What to produce ▸ Look through the data and write out every line with the word "java" in it.

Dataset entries
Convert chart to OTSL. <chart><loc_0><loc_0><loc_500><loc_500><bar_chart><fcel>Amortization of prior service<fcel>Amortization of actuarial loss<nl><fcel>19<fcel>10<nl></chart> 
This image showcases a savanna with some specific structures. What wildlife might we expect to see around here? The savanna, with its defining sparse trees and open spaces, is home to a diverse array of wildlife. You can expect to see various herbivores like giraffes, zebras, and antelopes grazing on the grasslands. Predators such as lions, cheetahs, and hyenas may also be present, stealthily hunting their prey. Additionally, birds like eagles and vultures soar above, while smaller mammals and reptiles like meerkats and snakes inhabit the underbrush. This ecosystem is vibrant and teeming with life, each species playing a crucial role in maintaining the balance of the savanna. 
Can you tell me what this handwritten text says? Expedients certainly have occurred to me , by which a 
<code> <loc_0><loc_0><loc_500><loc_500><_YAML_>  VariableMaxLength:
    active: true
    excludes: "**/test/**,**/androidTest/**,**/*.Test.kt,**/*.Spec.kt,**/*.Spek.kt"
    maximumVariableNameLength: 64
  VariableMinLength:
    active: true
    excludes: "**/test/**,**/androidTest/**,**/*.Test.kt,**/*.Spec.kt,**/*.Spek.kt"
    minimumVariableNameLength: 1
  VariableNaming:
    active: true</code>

--

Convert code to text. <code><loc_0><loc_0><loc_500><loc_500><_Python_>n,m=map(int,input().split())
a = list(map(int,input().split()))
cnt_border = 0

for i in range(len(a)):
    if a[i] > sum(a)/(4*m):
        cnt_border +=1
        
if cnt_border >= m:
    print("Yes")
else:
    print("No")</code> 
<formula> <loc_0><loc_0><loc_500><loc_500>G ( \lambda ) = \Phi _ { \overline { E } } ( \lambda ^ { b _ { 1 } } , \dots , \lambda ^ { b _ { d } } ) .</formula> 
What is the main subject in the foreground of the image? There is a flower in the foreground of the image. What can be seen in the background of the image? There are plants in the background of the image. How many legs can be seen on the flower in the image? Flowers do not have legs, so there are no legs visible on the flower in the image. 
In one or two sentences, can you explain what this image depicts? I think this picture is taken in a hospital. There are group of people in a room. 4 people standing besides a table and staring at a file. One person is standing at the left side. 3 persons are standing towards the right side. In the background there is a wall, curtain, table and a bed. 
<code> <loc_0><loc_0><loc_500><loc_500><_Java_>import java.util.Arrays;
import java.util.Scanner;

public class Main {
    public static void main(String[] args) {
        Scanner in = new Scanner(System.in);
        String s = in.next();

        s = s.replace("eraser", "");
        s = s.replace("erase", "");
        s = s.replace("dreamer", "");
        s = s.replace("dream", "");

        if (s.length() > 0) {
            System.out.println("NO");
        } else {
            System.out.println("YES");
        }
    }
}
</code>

Finished task ▸
<code> <loc_0><loc_0><loc_500><loc_500><_Java_>import java.util.Arrays;
import java.util.Scanner;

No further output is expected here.